Given the response of pRL-TK and pRL-SV40 to GATA transcription factors reported above, we speculated that GATA response elements might be present in the two reporter plasmids. Indeed, examination of the promoter region of pRL-TK revealed two putative GATA binding sites upstream of Rluc (figure 1), one within the HSV-TK promoter and the other 91 base pairs (bp) upstream of the T7 promoter. An identical intronic sequence of 246 bp is also present in pRL-SV40. It was thus hypothesized that these putative GATA binding sites could contribute to the increased Rluc gene activities observed. To test if removal of the proximal putative GATA binding site can abrogate the Rluc transactivating effects of GATA transcription factors, 238 bp between the HindIII and ScaI restriction sites within the intronic sequence were deleted to yield mutant reporter plasmids pRL-TK-d238 and pRL-SV40-d238. Figure 2 shows that deletion of the 238 bp rendered the mutant plasmid pRL-SV40-d238 totally unresponsive to GATA-6 or GATA-4 stimulation. In contrast, despite removal of the proximal consensus GATA binding site of pRL-TK-d238, hG6-MALT could still increase its luciferase activity by 2.6 ± 0.4 fold (mean ± s.e.m.). This was possibly due to the remaining consensus GATA binding site present within the HSV-TK promoter (figure 1). Rluc activity expressed by pRL-TK-d238 was unaffected when the mutant plasmid was co-transfected with mouse GATA-6 (mG6) or GATA-4 (mG4).

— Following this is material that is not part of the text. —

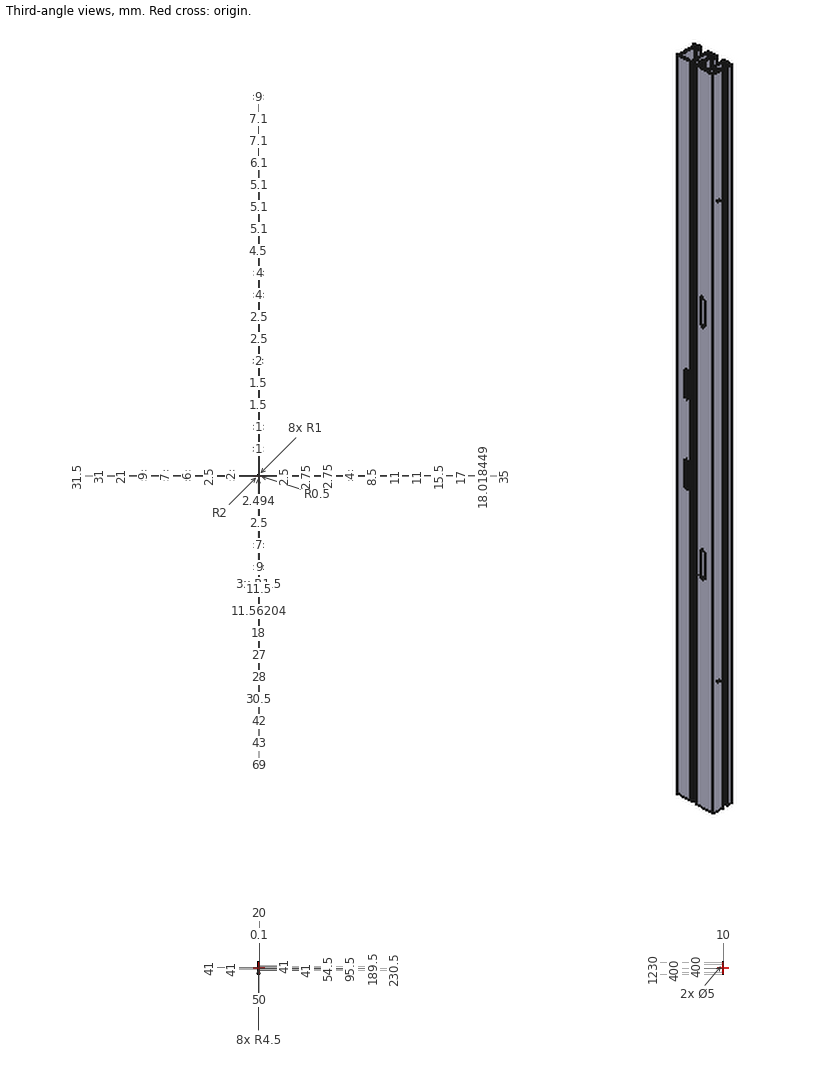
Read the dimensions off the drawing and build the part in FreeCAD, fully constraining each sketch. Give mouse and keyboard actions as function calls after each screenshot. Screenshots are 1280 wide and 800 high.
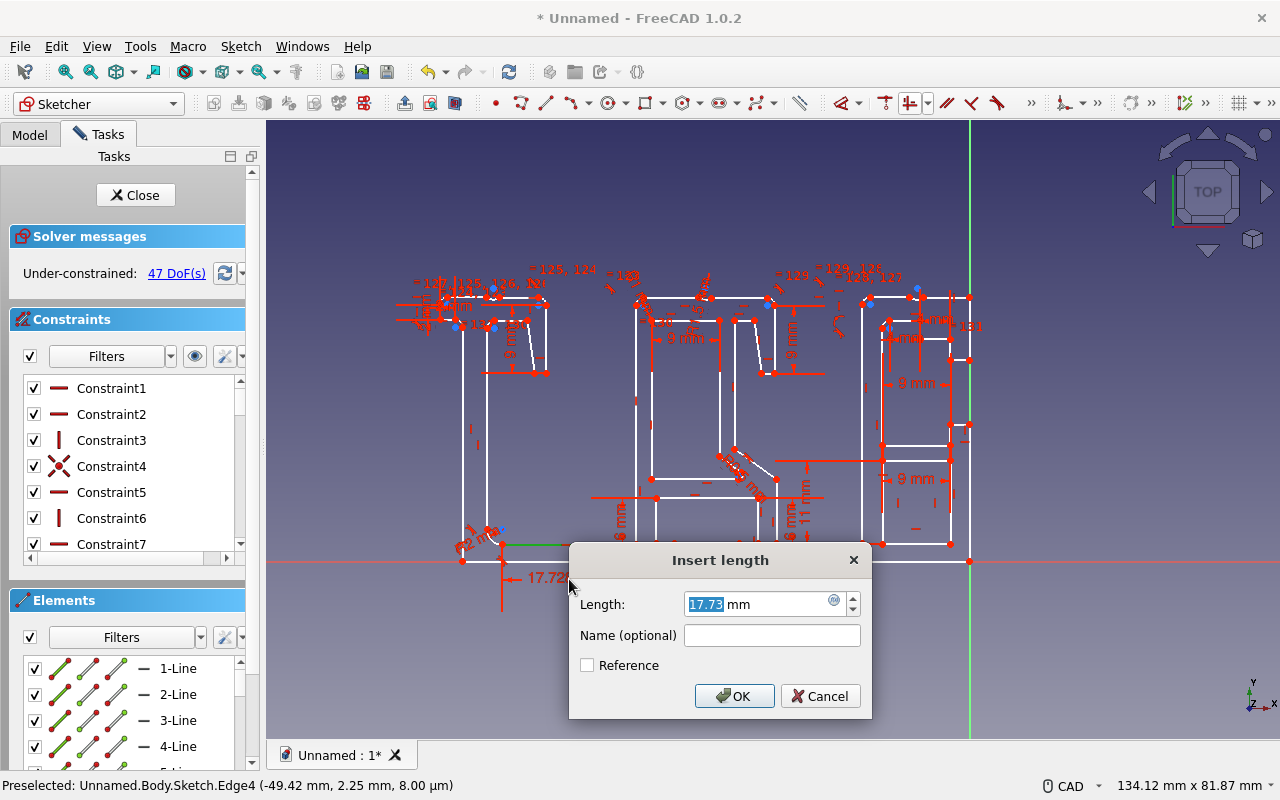
text(18)
key(Return)

Normalization of transfection efficiency by a control plasmid that is affected by experimental treatment can lead to misinterpretations of the reporter gene activity of interest. To investigate how GATA transcription factors can affect normalization of transfection efficiency, we co-transfected COS-7 cells with pGL3-CYP11A (a plasmid construct containing a CYP11A promoter region coupled to the firefly luciferase gene) and either pRL-SV40-d238 or pRL-TK. Because the four GATA-expressing plasmids did not affect Rluc activity encoded by pRL-SV40-d238, we use pGL3-CYP11A reporter activity normalized by pRL-SV40-d238 as reference values. The GATA-expressing plasmids increased pGL3-CYP11A firefly luciferase activity by 1.76 to 5.02 fold (values normalized by pRL-SV40-d238 Rluc activity, figure 3). In comparison, because pRL-TK was transactivated by the GATA-expressing plasmids, pGL3-CYP11A firefly luciferase activities became misleadingly low when normalized by this control plasmid (pRL-TK bars, figure 3). For example, an approximately fourfold stimulation of pGL3-CYP11A reporter gene activity by hG6-MALT (normalized by pRL-SV40-d238 Rluc activity) was misinterpreted as 32% inactivation when pRL-TK was used as a normalization plasmid (red bars, figure 3).

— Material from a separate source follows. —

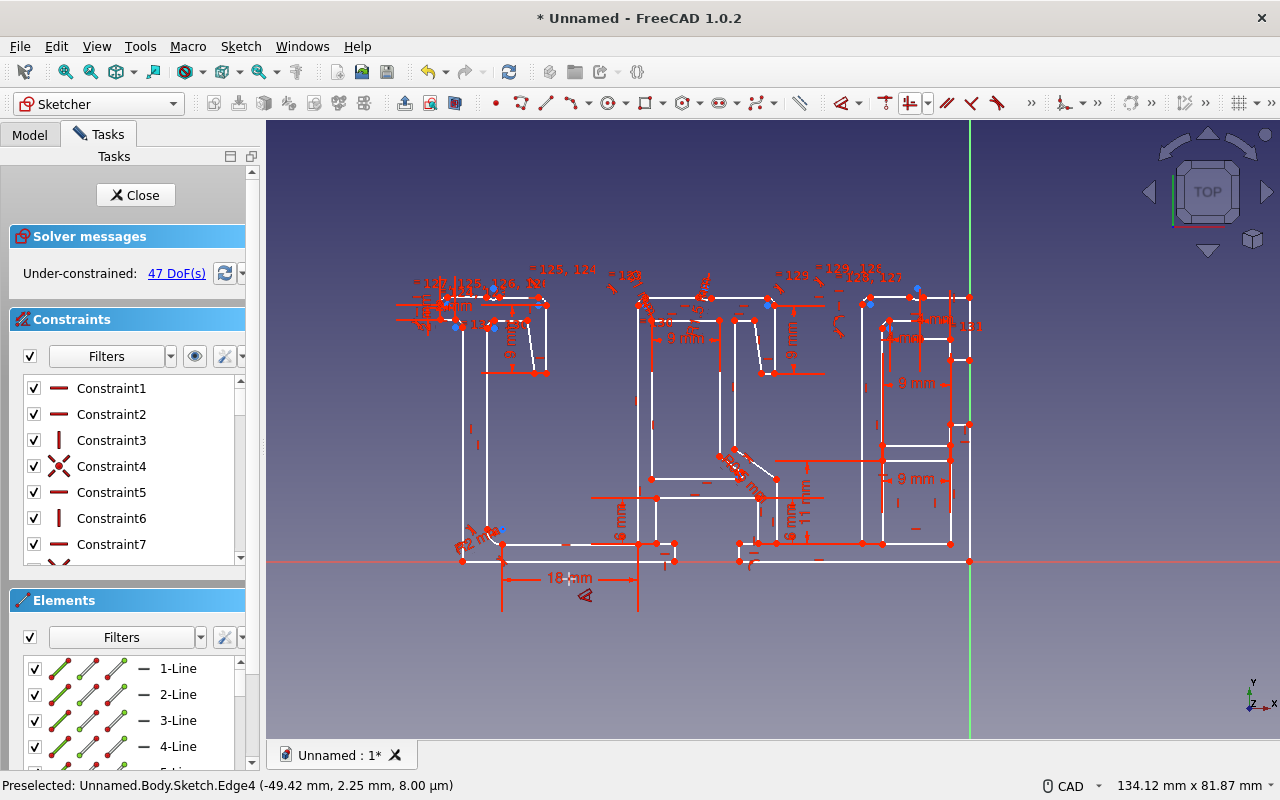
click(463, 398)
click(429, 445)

thumbnailFigure 3. GATA-stimulated pGL3-CYP11A reporter gene activities normalized by 2 different Renilla control plasmids. COS-7 cells were transfected with pGL3-CYP11A, and combinations of GATA-expressing and Renilla luciferase-encoding plasmids. Both firefly and Renilla luciferase activities were measured using the Dual Luciferase Reporter assay system. pGL3-CYP11A firefly luciferase activity is normalized by Renilla luciferase activity and expressed as fold change (mean ± sem) compared with control cells transfected with pcDNA3 and the corresponding Renilla plasmid.

Amino acid sequence of the human full-length GATA-6 is >80% identical to that of the murine transcription factor [4]. Yet, figure 2 shows that pRL-TK was transactivated by human GATA-6 (hG6-MALT, 8.4 fold) to a larger extent than by its murine counterpart (mG6, 2.1 fold), P < 0.05. Mechanisms by which pRL-TK is differentially transactivated by human and mouse GATA-6 are currently unclear. It is possible that elements in pRL-TK other than the putative GATA binding sites or the context of the GATA response element may play a role in augmenting Rluc transactivation by human GATA-6 or diminishing the effects of mouse GATA-6.

Members of the GATA family are not the only transcription factors that can enhance expression of Renilla luciferase by pRL-TK. Other transcription factors including Sp1, Nurr1 and skNAC also induced Rluc activity expressed by pRL-TK [5-7]. Therefore, the two Rluc-encoding vectors reported here cannot be used as normalization controls in all transfection systems because of their inducibility by experimental treatment and potential misinterpretations of reporter gene activity.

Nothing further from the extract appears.